When God turned up in history, he did not come as the owner but as the Cleaner.

We thought it was a joke. We laughed at him. Then we ignored him.

But there are some who do try to listen to the song that the cleaner is singing.

It is a song that is very simple, at times discordant but also astonishingly beautiful.
It comes from deep within him and touches something deep within us.

It is disturbing. It is a song that tells of a God who becomes a baby in order to live among us as one of us. And he suffers and he dies for us. It tells of a God who strips himself of power in order to show us his love.

And the song exposes the dirt that is deep within us: we look at the love and humility of God in a manger, and then we look at ourselves: the shallow attempts to prove we are someone and that we matter, the fears that control us, the hurts that have been done to us that make us feel like filth and the hurts that we have done to others that make them feel like filth. It reveals our self-centeredness and pride; and it strips bare our utter brokenness.

But this is a song of hope. It is the song of the cleaner, of one who cleans up a mess. This cleaner doesn’t sweep up our rubbish and throw it into the black bin bag for someone else to deal with. This cleaner takes our rubbish into himself, and as he dies on the cross he deals with it once and for all.

So this song speaks of forgiveness, of the possibility of change, of new birth and new life, of freedom from habits that we know are destroying us, of our true identity as children of God and an astonishing destiny with God.

And it is a song which plunges us into the abyss of separation, abandonment and death. Some of you will have known that this year.

But it is a song that declares to us a light and a love that is far greater than death. That the one born in a cowshed, crucified on a cross, rose from the dead and is alive for evermore. And this is a song which tells us that we are not alone, abandoned or rejected. God created us in love to have a relationship of intimacy with us; even though we have rejected him, he longs for us to know him.

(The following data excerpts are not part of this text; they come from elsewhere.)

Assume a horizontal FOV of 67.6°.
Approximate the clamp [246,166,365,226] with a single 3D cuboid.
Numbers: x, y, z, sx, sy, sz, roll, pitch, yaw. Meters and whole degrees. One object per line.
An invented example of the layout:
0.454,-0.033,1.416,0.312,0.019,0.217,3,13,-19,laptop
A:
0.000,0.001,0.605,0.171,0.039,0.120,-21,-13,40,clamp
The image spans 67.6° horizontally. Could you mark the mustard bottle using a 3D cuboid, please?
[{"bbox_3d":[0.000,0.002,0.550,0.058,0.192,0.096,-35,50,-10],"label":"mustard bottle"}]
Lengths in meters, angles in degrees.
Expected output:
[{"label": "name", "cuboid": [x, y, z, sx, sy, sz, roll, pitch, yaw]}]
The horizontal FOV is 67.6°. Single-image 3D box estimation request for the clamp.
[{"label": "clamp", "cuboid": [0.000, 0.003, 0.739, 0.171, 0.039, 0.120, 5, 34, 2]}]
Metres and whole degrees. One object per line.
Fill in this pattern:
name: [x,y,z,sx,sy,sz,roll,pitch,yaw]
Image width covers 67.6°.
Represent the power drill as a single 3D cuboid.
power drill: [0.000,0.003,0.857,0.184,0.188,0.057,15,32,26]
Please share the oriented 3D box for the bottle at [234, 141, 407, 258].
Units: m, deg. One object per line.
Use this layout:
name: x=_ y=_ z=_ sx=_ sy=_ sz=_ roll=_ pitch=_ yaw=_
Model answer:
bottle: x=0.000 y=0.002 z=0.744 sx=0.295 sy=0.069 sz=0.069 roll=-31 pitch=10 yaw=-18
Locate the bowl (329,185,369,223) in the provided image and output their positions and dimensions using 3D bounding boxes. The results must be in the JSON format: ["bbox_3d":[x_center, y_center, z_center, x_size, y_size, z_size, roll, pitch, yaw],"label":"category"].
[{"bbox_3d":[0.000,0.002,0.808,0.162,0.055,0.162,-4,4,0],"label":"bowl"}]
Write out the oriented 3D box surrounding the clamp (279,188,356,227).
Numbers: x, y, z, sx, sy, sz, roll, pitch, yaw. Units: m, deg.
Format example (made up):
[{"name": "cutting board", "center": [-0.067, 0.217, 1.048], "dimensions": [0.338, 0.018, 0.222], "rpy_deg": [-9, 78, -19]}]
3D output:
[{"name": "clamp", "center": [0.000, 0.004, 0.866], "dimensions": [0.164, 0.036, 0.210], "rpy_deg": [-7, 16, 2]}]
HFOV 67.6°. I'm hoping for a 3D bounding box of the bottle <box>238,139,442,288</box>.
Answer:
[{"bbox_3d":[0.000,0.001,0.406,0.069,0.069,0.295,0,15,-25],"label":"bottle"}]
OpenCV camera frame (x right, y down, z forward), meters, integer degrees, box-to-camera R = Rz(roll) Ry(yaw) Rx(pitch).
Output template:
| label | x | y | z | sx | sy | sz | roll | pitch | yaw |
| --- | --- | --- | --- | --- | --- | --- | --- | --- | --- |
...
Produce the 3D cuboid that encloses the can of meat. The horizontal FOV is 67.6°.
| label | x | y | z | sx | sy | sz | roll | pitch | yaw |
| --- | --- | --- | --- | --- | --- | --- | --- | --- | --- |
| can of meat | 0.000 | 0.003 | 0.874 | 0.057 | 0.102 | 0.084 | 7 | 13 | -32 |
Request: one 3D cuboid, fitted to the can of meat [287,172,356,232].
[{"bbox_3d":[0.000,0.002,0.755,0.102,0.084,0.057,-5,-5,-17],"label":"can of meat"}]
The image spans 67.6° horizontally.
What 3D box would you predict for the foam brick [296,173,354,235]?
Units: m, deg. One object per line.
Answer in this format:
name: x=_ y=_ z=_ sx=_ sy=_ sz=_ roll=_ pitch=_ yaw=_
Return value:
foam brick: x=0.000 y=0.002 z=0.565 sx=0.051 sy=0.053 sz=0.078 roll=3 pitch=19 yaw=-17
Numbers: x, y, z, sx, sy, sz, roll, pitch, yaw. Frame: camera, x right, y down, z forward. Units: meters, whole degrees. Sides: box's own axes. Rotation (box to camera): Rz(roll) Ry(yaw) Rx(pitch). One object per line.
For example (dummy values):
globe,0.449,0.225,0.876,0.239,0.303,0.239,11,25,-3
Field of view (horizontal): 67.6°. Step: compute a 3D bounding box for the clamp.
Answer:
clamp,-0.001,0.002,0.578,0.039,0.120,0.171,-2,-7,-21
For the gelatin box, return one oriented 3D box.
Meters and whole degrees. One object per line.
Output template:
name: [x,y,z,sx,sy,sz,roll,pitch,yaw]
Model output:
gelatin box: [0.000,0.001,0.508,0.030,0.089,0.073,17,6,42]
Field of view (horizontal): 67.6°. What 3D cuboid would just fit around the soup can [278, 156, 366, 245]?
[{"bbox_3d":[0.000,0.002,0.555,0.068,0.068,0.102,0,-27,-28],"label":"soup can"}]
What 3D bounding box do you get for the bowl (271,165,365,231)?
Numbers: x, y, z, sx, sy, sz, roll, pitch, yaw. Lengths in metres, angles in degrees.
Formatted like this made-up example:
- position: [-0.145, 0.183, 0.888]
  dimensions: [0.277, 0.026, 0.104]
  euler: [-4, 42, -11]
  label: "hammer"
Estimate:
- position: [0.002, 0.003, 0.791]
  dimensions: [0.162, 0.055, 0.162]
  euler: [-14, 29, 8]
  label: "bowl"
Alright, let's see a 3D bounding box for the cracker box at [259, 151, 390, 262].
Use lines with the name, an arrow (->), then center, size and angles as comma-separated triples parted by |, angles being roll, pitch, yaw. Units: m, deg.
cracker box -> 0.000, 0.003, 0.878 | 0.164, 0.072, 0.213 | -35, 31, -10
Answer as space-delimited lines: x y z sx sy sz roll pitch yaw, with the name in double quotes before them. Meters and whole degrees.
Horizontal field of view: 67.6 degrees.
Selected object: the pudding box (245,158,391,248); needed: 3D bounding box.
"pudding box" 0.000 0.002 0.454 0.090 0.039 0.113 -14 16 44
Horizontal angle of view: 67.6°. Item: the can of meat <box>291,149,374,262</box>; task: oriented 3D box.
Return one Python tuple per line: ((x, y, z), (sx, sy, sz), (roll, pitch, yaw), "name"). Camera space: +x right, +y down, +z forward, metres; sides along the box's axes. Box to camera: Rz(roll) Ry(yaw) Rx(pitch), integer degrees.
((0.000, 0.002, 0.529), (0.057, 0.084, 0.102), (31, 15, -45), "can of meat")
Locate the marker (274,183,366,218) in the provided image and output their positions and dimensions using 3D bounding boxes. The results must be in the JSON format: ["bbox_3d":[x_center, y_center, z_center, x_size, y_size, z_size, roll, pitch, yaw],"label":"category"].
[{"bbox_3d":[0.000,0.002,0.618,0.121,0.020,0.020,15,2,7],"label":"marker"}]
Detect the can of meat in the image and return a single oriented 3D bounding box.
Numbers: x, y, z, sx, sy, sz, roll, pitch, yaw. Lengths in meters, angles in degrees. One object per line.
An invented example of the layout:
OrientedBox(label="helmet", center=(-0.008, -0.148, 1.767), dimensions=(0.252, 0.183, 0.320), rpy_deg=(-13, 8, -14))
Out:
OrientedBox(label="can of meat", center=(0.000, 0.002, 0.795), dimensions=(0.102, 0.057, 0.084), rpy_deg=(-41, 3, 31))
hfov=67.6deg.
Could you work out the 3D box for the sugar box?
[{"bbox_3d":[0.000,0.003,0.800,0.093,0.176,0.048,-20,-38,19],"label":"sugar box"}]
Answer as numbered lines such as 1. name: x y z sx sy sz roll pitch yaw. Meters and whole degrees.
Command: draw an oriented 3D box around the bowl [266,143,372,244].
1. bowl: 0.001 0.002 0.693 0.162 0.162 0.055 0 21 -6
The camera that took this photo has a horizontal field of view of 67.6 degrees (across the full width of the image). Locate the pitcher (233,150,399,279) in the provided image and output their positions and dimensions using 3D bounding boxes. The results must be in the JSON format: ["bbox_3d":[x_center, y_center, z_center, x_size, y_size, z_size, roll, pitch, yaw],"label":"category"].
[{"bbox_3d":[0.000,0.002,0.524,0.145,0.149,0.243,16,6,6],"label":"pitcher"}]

And this is a song which, if you allow it, can come and live in you. It doesn’t just get into your head. It gets into your heart and your bones. It becomes the song that lives in you, that begins to shape all that you are and do. It becomes the song that you sing and the song that you live.


Don't ignore the song of the cleaner
I know that many people ignore the cleaner. I know that it can be hard to hear the cleaner because there is so much other noise: out there and in here.

Oddly, there is a great deal of noise at Christmas: We can be like little children who are more excited about the colourful wrappings of Christmas than we are about the infinitely precious gift that is inside the present. We are like people who love the Christmas tunes but who are deaf to the words of the carols

So please listen to the song of the cleaner.

It is the song that will give you true freedom, lasting happiness and deep peace.

Some of you may wish to do that by taking a free copy of the New Testament which is at the back of church – although there is a condition if you take one. You must commit yourself to reading through at least one of the gospels (Matthew, Mark, Luke and John) over the next four weeks!

And for those who wish to take this further, in your order of service there is an invitation to a course that Laurence and myself are running at Edmundo Lounge in the new year. It is called Life Explored, and gives us an opportunity to ask questions and to think these things through. We give ourselves so little time to think. And it so important that every single person gives themselves time to listen to the song of the cleaner.

And there will come a time, when nobody is expecting it, when he, the cleaner – still singing his song - will take off his overall, he will pick up his baton, and now the orchestra will begin to play the tune.

Because the cleaner is the eternal Son of God and one day, having shown us his love he will show us his power. And then we will get the full works.  And he will turn round and face us, the audience, and he will invite each one of us to sing the song. And those who have heard the song, who have received the song, who have allowed the song to come and live in them, will  join in with him in the final eternal performance of the song of the cleaner.